From this simplified difference quotient, we can write out the definition of the derivative,

$$

\begin{align*}

j'(t) &= \mathop {\lim }\limits_{h\,\, \to 0} \frac{{j(t + h) – j(t)}}{h} \cr

&= \mathop {\lim }\limits_{h\,\, \to 0} \frac{{{e^t}\left( {{e^h} – 1} \right)}}{h} \cr

&= {e^t} \cdot \mathop {\lim }\limits_{h\,\, \to 0} \frac{{{e^h} – 1}}{h} \cr

\end{align*}

$$

The factor ${e^t}$ is a constant with respect to *h*, so it can be moved outside the limit.
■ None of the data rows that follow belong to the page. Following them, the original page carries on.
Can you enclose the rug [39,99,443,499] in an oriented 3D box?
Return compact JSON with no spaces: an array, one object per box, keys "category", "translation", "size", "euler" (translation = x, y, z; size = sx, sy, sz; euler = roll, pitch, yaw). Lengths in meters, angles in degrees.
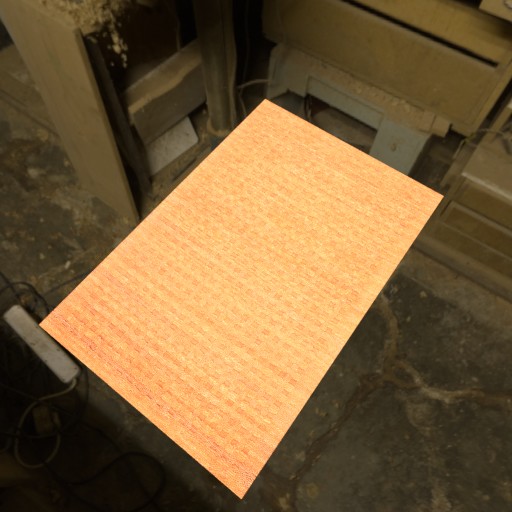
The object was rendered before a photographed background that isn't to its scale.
[{"category":"rug","translation":[0.000,0.000,2.852],"size":[1.524,0.006,2.285],"euler":[34,68,16]}]
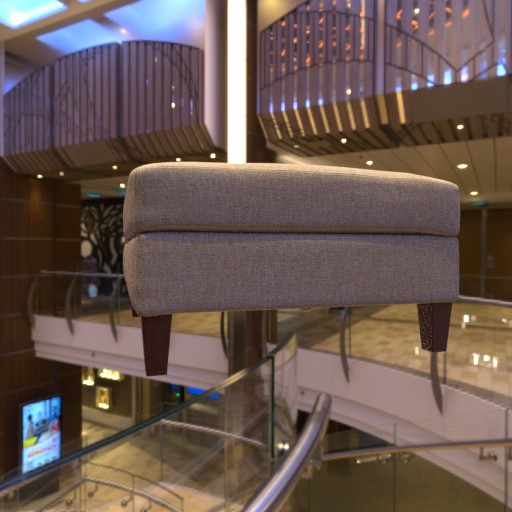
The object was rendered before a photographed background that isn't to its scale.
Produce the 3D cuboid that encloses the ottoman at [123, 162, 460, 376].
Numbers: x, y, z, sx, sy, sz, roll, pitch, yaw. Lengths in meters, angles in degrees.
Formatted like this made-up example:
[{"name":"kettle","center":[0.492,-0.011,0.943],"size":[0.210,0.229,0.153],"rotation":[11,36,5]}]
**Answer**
[{"name":"ottoman","center":[0.000,0.000,1.473],"size":[0.836,0.492,0.976],"rotation":[0,1,-17]}]
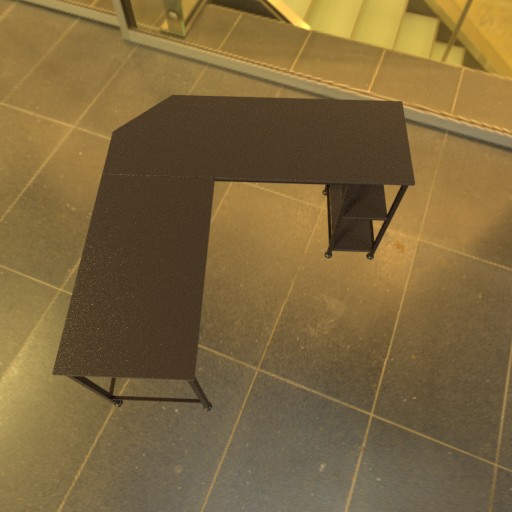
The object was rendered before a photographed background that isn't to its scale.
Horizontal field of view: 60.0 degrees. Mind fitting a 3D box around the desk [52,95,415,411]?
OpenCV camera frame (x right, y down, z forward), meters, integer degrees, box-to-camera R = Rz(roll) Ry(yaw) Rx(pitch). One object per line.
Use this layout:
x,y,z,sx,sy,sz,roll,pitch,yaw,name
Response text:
0.000,0.000,2.190,1.379,0.739,1.379,2,62,1,desk
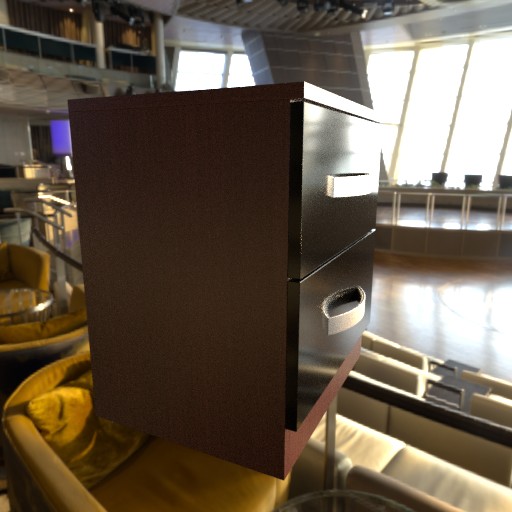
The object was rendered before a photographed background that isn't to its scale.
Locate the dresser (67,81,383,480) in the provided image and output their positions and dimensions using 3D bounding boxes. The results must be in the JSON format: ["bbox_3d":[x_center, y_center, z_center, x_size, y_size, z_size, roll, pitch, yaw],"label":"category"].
[{"bbox_3d":[0.000,0.000,0.736,0.360,0.470,0.400,6,14,26],"label":"dresser"}]
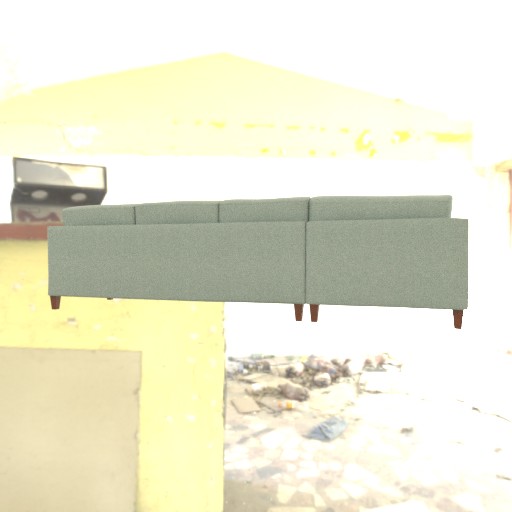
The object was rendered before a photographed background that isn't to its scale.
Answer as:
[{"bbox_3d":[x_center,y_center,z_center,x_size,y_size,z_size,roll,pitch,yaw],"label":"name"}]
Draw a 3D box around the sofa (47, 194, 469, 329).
[{"bbox_3d":[0.000,0.000,4.193,3.470,0.953,1.600,0,1,17],"label":"sofa"}]
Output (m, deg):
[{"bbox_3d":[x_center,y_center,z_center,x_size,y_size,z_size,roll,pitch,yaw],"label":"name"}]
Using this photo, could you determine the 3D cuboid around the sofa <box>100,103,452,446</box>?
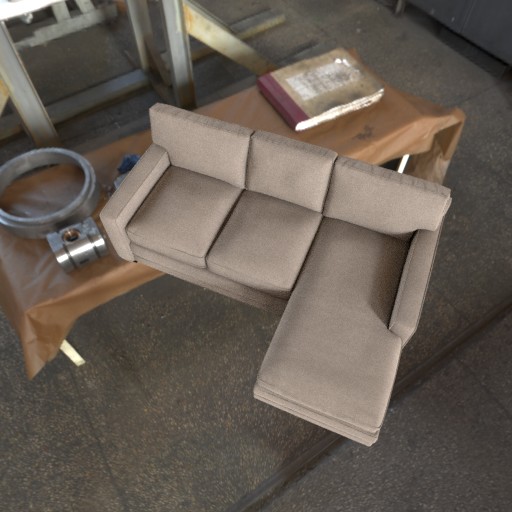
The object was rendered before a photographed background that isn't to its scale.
[{"bbox_3d":[0.000,0.000,2.858,2.087,0.861,1.496,20,60,12],"label":"sofa"}]
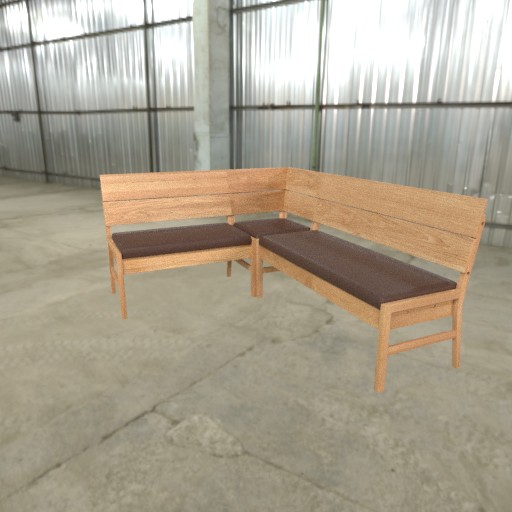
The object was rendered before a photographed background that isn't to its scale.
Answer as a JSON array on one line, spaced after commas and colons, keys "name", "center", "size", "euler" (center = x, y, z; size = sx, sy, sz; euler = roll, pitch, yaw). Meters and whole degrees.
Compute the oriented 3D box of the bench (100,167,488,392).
[{"name": "bench", "center": [0.000, 0.000, 2.760], "size": [1.549, 0.890, 1.975], "euler": [-8, 18, -25]}]

To complete the derivative, we must evaluate the limit.

For this limit we’ll find the limit by creating a table of values for for smaller and smaller *h* values.

h |
$\frac{{{e^h} – 1}}{h}$ |

0.1 | 1.051709181 |

0.01 | 1.005016708 |

0.001 | 1.000500167 |

0.0001 | 1.000050002 |

0.00001 | 1.000005000 |

The table suggests that as *x* gets smaller and smaller, the value of the quotient approaches 1 or $$\mathop {\lim }\limits_{h\,\, \to 0} \frac{{{e^h} – 1}}{h} = 1$$

Using $\mathop {\lim }\limits_{h\,\, \to 0} \frac{{{e^h} – 1}}{h} = 1$ in the expression for the definition of the derivative yields

$$

\begin{align*}

j'(t) &= {e^t} \cdot \mathop {\lim }\limits_{h\,\, \to 0} \frac{{{e^h} – 1}}{h} \cr

&= {e^t} \cdot 1 \cr

&= {e^t} \cr

\end{align*}

$$

The derivative of $j(t) = {e^t}$ is $j'(t) = {e^t}$.